*The problem*:
Give every line from the entries that contains "instrument".

::: Extracted material

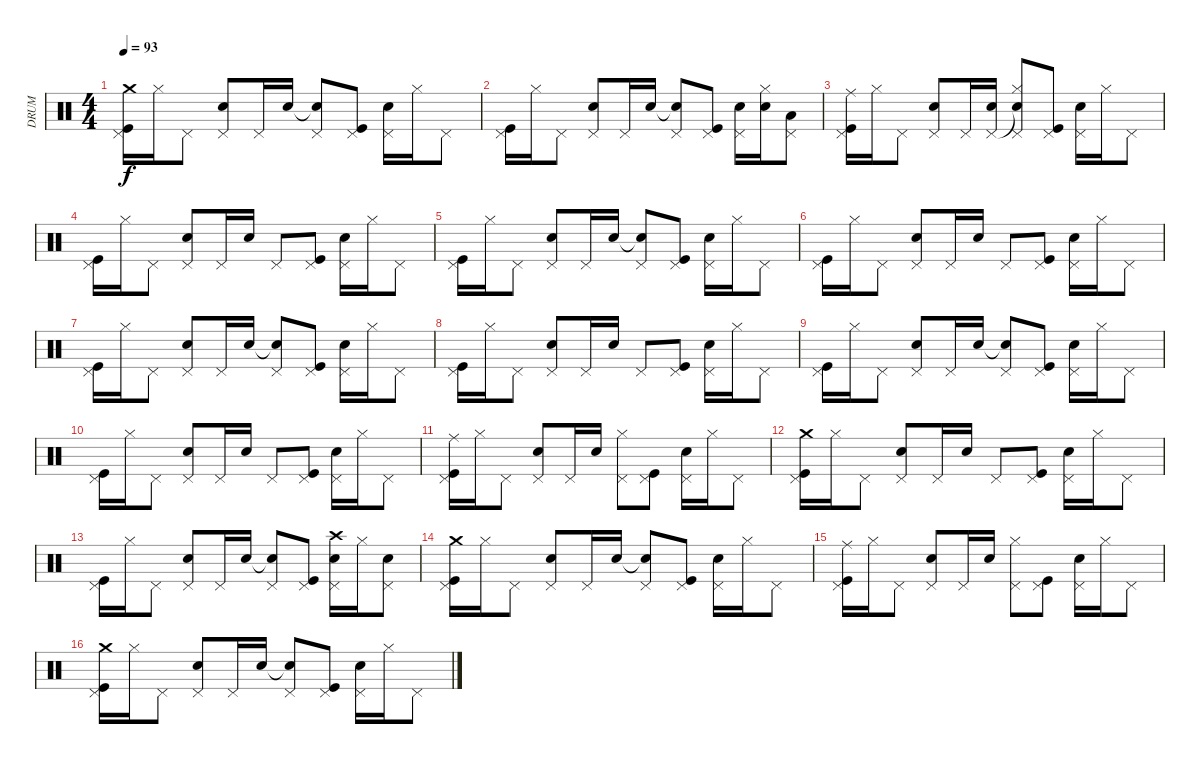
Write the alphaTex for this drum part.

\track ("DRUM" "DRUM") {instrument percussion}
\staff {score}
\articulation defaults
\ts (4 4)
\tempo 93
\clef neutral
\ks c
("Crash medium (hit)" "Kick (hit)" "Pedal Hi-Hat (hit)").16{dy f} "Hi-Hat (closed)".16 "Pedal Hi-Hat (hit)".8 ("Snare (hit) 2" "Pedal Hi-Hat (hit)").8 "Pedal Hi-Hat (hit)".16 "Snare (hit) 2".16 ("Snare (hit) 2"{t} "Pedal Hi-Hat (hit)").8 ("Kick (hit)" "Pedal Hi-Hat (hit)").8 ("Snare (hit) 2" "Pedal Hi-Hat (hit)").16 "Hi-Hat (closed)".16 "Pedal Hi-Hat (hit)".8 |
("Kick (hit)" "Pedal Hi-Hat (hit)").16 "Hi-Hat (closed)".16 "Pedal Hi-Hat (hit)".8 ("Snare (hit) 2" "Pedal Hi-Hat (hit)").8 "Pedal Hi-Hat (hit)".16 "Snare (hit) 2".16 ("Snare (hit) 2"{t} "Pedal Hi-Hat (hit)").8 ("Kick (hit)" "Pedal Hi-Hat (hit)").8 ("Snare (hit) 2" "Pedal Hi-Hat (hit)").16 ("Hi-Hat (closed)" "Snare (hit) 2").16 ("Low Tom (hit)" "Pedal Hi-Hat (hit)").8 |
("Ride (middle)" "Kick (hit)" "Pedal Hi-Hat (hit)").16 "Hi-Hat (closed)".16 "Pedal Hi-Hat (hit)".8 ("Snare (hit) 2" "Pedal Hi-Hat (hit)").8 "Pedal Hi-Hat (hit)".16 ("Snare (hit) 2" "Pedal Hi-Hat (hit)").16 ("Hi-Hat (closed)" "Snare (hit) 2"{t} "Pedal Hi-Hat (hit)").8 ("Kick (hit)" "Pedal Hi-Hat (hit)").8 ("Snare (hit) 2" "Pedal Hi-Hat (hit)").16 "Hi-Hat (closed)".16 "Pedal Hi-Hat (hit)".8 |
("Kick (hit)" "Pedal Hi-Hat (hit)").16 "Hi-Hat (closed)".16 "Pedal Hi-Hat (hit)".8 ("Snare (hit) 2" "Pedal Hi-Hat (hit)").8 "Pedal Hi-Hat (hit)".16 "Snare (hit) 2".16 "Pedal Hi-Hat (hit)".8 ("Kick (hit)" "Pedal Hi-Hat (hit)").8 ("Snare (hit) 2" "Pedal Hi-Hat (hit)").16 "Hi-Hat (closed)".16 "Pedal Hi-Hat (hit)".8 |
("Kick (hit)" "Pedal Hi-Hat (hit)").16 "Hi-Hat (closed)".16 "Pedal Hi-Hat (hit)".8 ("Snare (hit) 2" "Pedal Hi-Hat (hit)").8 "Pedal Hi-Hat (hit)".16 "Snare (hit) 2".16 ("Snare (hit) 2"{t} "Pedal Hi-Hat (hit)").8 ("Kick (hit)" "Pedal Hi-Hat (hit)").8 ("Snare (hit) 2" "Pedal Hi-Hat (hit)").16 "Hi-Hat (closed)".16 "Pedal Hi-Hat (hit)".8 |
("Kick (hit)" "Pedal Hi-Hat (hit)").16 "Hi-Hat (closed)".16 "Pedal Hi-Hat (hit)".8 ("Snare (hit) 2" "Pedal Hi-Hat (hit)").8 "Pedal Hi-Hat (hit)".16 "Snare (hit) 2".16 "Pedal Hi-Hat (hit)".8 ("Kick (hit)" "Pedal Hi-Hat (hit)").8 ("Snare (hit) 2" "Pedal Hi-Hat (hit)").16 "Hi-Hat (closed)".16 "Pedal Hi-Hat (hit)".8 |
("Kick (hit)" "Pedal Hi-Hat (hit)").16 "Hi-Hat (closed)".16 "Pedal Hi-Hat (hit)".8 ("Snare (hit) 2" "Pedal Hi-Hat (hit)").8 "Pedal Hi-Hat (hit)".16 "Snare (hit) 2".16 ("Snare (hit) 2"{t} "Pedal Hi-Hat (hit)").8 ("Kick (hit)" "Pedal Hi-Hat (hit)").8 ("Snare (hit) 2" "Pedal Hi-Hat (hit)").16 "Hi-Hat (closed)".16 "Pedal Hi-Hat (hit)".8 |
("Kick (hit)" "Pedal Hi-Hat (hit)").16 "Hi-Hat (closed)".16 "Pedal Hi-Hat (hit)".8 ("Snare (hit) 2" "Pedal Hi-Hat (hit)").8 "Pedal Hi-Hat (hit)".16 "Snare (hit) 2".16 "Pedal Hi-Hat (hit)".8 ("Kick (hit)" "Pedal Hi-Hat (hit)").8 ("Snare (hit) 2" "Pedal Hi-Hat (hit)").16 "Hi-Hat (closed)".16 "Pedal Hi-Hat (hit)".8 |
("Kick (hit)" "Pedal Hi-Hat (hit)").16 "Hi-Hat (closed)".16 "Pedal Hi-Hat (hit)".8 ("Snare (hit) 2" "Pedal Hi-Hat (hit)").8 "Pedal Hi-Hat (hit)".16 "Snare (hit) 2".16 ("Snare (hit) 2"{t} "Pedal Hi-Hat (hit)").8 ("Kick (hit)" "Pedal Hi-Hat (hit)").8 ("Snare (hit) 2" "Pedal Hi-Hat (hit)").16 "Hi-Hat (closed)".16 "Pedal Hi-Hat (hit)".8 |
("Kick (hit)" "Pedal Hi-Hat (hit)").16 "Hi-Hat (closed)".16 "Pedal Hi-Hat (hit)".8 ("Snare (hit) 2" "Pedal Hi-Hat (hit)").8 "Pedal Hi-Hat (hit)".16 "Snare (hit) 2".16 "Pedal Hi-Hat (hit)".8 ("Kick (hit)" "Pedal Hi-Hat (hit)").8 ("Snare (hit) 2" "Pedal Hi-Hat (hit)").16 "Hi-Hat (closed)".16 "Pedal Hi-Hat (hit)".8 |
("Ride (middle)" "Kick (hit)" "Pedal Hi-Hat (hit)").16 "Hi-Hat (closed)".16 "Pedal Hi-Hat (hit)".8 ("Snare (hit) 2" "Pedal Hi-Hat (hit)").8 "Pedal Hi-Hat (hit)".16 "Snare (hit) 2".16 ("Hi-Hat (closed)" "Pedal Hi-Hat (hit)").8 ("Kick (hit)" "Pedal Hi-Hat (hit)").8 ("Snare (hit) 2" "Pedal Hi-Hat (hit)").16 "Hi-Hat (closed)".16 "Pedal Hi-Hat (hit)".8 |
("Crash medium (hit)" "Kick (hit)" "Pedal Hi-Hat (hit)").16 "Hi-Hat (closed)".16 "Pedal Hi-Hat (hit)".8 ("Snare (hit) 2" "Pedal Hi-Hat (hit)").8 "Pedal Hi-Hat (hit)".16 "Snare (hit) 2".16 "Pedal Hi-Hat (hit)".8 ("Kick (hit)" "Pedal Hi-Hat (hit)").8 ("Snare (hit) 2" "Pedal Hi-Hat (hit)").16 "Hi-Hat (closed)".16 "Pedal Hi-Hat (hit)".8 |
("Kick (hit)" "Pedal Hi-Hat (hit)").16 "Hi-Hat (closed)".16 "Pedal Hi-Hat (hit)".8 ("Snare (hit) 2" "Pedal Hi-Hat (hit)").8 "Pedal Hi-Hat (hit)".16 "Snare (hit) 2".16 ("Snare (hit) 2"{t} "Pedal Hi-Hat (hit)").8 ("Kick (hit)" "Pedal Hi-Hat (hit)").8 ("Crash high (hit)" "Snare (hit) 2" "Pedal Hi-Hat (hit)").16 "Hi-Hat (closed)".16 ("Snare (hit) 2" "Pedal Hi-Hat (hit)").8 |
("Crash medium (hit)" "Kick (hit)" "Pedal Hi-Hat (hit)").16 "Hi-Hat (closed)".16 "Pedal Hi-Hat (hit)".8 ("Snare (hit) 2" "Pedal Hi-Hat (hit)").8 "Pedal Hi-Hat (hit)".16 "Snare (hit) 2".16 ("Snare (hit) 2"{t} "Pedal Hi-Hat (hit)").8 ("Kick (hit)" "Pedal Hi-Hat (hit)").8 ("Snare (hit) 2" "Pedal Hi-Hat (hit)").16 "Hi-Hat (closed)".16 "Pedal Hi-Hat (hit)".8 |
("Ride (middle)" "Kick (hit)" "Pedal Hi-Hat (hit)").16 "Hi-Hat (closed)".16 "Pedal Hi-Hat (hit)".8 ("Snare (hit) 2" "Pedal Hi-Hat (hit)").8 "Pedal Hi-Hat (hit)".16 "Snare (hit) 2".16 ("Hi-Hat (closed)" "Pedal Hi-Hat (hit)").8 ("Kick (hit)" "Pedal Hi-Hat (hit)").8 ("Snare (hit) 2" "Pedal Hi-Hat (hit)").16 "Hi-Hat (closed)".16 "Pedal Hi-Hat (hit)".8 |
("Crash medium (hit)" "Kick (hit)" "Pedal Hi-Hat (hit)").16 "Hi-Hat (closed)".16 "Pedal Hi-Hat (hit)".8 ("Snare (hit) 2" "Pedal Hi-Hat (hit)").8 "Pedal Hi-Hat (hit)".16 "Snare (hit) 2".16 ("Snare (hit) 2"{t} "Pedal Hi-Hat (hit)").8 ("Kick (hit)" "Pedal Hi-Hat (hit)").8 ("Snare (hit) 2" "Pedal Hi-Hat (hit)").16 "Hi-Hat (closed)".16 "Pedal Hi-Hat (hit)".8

::::::
::: Extracted material

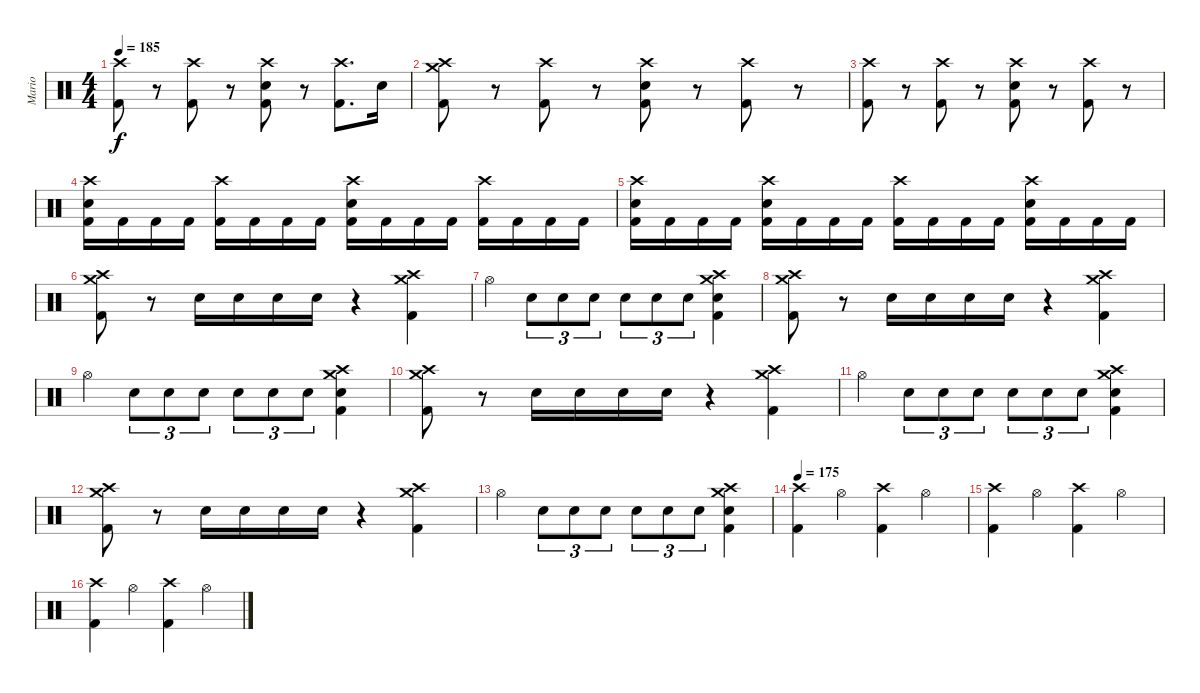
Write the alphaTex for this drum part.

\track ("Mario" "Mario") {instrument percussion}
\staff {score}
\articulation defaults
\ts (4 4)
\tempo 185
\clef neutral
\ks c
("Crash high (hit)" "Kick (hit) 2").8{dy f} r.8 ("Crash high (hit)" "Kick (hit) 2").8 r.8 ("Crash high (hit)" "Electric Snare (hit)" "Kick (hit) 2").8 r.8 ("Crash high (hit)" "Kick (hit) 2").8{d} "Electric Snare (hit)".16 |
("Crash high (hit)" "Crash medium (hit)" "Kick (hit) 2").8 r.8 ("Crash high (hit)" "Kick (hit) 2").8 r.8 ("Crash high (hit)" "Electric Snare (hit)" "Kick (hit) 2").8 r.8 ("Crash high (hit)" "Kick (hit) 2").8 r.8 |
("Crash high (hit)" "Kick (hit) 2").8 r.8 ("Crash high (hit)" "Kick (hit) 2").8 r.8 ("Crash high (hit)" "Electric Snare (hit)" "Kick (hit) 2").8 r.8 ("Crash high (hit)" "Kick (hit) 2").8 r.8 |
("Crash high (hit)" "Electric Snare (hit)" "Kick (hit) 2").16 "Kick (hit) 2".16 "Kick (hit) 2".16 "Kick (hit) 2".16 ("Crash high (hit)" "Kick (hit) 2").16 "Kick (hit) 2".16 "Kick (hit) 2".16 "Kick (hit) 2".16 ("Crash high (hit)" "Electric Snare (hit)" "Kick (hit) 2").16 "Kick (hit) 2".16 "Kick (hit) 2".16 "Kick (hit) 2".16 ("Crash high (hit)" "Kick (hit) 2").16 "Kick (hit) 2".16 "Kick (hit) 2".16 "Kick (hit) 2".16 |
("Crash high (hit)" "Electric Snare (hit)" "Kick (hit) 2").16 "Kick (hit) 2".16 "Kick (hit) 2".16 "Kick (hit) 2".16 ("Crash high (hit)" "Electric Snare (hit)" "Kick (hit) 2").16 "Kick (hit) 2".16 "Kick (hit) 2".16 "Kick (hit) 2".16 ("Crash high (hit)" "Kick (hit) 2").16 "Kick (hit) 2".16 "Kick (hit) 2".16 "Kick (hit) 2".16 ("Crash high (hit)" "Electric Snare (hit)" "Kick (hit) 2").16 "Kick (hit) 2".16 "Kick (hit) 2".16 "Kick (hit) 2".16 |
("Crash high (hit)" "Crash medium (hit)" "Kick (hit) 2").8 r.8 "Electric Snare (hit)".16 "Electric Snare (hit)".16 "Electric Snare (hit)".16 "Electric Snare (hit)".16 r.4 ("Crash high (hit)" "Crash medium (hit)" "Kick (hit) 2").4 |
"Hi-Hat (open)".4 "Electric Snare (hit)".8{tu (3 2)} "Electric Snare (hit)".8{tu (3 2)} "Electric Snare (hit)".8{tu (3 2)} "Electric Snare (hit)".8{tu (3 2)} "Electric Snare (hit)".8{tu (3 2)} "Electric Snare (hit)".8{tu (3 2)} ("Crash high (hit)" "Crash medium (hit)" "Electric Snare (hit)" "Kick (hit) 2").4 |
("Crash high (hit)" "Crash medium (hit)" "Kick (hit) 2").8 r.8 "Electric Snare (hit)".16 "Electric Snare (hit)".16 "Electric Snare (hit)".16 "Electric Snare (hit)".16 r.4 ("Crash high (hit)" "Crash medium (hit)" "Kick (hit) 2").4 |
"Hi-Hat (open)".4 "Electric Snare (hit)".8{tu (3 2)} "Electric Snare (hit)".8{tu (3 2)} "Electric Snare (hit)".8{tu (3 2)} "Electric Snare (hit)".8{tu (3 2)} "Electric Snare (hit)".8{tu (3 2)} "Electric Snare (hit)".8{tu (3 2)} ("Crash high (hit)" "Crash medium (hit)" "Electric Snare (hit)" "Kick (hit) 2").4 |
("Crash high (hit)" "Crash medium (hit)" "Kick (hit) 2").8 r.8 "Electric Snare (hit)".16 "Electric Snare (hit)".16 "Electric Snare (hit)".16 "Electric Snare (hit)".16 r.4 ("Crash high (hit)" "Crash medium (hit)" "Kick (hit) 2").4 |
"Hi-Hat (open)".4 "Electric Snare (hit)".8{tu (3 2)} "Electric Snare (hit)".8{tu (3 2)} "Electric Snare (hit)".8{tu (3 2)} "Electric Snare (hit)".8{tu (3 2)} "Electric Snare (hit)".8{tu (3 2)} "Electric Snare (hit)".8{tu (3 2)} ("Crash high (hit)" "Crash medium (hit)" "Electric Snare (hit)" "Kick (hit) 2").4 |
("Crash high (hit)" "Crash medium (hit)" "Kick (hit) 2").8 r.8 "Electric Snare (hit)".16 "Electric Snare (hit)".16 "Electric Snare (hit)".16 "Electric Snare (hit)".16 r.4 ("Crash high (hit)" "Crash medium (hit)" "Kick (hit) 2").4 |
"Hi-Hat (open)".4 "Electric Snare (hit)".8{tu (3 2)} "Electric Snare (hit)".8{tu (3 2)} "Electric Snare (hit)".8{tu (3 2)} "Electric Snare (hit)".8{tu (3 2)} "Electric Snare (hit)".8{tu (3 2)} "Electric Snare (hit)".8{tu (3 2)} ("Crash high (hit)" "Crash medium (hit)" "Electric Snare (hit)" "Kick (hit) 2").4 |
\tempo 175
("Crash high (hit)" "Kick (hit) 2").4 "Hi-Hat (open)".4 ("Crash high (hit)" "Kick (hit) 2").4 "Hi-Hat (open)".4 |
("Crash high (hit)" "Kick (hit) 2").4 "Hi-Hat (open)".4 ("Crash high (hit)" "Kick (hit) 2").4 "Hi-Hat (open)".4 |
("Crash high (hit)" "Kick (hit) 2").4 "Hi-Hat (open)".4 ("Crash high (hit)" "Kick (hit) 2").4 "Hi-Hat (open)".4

::::::

*Exercise result*:
\track ("DRUM" "DRUM") {instrument percussion}
\track ("Mario" "Mario") {instrument percussion}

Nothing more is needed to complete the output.